=== Problem ===
When you reach the line with "3. car (0,146,149,235)" in the data below, begin printing lines exactly, and stop once the line with "39. car (435,150,456,162)" has been printed.
[Opening Dataset entries section]
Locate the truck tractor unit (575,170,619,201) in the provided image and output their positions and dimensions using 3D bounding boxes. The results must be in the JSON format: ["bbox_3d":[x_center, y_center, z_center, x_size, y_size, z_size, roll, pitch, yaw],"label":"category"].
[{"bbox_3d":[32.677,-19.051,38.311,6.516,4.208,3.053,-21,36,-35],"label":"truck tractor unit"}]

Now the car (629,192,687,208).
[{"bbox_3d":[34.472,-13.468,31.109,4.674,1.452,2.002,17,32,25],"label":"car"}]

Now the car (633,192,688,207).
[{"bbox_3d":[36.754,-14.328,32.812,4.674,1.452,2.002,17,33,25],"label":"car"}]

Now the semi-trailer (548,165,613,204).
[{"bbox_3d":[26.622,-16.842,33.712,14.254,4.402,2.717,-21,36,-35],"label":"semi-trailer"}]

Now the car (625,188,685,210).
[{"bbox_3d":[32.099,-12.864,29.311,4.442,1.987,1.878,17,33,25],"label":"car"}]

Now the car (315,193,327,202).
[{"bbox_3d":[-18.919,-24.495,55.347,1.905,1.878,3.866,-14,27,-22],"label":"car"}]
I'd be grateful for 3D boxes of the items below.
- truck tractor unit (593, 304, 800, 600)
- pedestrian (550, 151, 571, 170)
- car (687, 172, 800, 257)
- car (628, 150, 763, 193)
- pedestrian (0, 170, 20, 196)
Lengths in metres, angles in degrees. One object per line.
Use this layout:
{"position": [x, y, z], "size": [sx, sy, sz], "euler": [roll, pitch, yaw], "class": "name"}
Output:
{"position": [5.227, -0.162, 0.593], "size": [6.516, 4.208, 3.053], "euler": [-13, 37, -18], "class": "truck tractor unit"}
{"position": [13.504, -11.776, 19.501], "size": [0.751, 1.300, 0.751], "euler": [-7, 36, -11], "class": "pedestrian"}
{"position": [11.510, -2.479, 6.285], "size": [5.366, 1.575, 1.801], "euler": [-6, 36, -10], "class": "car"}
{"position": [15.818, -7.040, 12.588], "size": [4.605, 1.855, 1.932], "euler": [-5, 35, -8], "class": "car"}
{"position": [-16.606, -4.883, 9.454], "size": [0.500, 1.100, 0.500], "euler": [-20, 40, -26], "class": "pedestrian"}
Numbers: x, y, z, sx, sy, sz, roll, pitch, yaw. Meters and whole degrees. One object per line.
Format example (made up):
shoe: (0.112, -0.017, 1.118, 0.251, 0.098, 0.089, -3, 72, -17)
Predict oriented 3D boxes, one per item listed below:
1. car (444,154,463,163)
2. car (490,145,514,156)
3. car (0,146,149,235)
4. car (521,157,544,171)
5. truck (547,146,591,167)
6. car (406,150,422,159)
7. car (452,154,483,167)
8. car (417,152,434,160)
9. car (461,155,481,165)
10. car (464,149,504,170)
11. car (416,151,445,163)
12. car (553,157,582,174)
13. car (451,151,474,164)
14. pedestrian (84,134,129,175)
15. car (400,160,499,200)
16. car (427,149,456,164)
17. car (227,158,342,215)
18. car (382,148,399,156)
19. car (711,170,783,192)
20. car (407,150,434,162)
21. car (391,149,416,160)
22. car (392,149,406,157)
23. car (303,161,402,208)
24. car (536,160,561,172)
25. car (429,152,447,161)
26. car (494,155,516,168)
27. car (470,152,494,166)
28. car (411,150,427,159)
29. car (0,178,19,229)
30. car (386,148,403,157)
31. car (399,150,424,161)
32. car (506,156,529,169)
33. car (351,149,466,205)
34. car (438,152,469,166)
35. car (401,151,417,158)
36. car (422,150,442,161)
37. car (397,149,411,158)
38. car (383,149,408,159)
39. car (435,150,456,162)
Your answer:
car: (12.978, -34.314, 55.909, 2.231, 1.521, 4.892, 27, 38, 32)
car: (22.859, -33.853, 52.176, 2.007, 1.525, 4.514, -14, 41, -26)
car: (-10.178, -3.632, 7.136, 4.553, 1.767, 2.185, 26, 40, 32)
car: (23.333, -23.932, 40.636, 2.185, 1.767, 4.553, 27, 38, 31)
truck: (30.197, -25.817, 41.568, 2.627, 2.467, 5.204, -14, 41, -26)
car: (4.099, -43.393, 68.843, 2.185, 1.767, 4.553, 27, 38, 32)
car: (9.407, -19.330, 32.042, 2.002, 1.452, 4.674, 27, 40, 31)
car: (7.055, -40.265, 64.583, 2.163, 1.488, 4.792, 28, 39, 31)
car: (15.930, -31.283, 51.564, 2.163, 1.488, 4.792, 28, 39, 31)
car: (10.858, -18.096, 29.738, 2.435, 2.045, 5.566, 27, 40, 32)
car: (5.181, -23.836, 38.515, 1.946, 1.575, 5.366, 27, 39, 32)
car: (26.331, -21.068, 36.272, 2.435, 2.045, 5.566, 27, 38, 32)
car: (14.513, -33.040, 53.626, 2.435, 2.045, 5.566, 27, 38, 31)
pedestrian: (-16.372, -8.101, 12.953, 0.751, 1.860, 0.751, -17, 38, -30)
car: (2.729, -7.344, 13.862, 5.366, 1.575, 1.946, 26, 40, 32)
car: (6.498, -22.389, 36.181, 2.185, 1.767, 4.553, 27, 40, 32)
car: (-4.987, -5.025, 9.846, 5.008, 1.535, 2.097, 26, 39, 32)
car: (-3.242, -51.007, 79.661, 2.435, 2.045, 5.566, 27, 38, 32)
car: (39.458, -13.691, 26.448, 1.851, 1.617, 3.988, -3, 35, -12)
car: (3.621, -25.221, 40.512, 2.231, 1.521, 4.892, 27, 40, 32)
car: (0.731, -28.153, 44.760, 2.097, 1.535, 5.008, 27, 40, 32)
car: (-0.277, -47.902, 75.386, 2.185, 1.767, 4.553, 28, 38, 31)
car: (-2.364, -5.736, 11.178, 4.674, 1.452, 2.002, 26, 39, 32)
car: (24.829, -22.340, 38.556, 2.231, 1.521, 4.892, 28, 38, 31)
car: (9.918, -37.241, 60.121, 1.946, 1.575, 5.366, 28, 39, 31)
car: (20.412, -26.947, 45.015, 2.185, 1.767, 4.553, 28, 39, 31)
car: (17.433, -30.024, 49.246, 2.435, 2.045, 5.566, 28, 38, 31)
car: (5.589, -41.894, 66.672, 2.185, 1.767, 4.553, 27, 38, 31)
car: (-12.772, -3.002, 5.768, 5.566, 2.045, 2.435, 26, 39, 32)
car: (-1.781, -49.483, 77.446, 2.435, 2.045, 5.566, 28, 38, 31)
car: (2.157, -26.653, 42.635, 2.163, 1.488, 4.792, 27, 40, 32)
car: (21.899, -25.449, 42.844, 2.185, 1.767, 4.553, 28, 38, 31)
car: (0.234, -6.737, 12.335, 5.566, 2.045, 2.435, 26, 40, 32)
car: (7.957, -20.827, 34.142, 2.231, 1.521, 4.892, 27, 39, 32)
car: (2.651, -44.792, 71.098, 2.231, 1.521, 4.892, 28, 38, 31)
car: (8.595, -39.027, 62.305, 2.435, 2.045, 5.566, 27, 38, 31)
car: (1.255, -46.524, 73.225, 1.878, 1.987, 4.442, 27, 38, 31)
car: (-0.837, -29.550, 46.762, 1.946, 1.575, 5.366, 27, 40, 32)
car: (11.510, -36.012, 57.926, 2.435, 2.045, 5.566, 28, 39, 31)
[Closing Dataset entries section]
[Opening Dataset entries section]
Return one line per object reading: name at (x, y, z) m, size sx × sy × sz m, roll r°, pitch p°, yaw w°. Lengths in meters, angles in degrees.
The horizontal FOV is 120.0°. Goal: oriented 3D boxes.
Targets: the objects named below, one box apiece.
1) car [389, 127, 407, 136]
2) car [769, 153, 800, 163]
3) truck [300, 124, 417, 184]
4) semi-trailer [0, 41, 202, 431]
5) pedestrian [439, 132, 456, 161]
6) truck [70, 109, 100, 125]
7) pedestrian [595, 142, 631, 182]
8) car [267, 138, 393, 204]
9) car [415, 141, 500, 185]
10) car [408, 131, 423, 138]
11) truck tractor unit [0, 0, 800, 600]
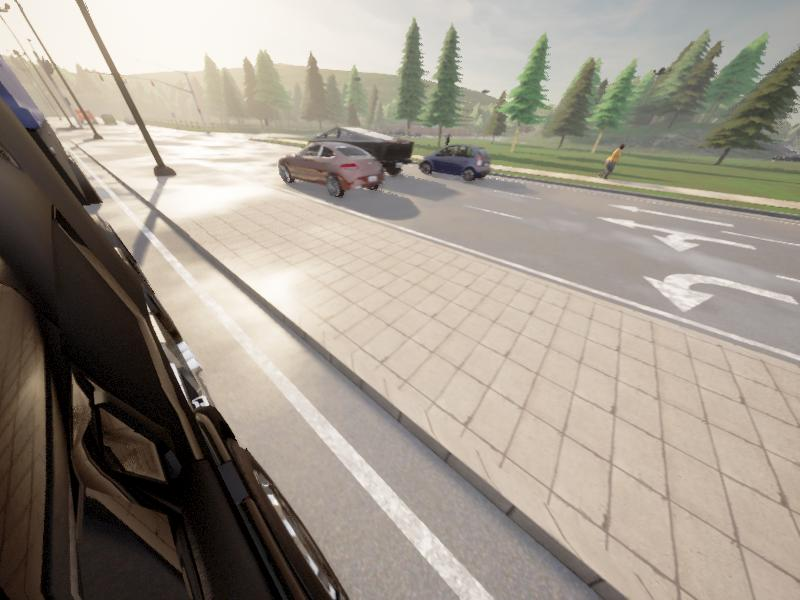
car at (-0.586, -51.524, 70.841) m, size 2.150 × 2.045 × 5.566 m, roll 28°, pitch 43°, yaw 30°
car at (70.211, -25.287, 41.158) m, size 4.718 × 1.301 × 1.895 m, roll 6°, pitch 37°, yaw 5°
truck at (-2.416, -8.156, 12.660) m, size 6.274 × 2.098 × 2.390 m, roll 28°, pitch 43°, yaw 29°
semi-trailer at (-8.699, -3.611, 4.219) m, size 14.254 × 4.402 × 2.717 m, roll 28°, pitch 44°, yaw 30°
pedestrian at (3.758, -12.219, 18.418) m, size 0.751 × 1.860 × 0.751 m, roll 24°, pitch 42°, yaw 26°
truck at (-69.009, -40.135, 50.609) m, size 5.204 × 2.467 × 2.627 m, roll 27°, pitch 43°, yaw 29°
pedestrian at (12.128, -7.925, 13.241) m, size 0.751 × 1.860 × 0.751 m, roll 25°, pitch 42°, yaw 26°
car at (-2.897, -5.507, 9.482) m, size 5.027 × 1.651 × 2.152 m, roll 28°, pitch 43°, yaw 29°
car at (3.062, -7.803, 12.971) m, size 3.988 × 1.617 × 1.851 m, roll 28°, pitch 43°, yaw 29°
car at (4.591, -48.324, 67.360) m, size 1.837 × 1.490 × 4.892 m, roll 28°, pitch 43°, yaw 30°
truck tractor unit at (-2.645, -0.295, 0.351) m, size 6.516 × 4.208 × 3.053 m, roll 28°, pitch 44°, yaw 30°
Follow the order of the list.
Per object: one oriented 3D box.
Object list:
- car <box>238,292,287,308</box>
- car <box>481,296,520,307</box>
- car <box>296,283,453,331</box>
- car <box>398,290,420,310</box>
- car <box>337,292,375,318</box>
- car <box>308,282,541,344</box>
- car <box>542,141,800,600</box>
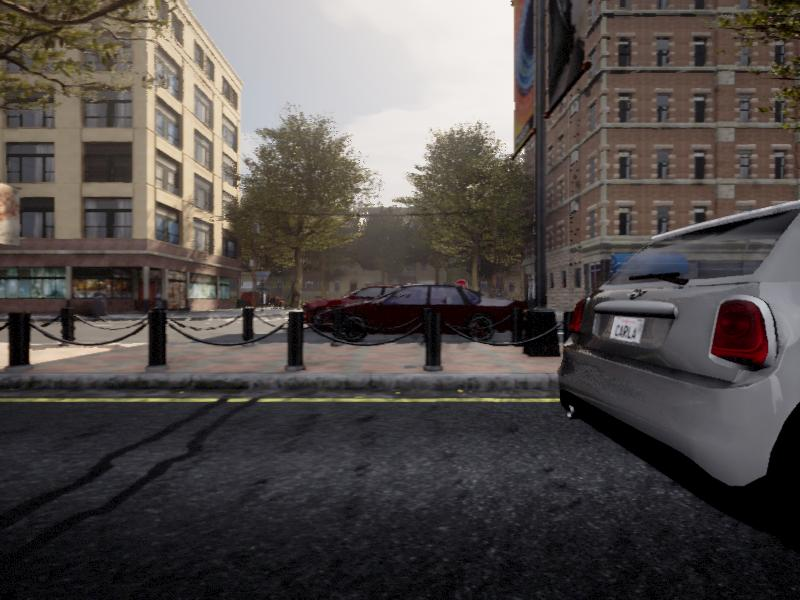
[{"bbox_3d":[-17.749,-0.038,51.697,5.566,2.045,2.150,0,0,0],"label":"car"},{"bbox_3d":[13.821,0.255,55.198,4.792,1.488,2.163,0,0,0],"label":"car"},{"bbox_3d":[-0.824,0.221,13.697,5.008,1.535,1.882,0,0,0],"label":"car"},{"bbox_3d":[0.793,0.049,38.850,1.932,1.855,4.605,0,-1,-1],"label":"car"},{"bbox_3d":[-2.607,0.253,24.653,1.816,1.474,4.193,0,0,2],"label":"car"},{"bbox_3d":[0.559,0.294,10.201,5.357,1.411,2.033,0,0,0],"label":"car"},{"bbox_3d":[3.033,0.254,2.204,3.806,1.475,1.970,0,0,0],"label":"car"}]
[Closing Dataset entries section]
=== Response to the task ===
3. car (0,146,149,235)
4. car (521,157,544,171)
5. truck (547,146,591,167)
6. car (406,150,422,159)
7. car (452,154,483,167)
8. car (417,152,434,160)
9. car (461,155,481,165)
10. car (464,149,504,170)
11. car (416,151,445,163)
12. car (553,157,582,174)
13. car (451,151,474,164)
14. pedestrian (84,134,129,175)
15. car (400,160,499,200)
16. car (427,149,456,164)
17. car (227,158,342,215)
18. car (382,148,399,156)
19. car (711,170,783,192)
20. car (407,150,434,162)
21. car (391,149,416,160)
22. car (392,149,406,157)
23. car (303,161,402,208)
24. car (536,160,561,172)
25. car (429,152,447,161)
26. car (494,155,516,168)
27. car (470,152,494,166)
28. car (411,150,427,159)
29. car (0,178,19,229)
30. car (386,148,403,157)
31. car (399,150,424,161)
32. car (506,156,529,169)
33. car (351,149,466,205)
34. car (438,152,469,166)
35. car (401,151,417,158)
36. car (422,150,442,161)
37. car (397,149,411,158)
38. car (383,149,408,159)
39. car (435,150,456,162)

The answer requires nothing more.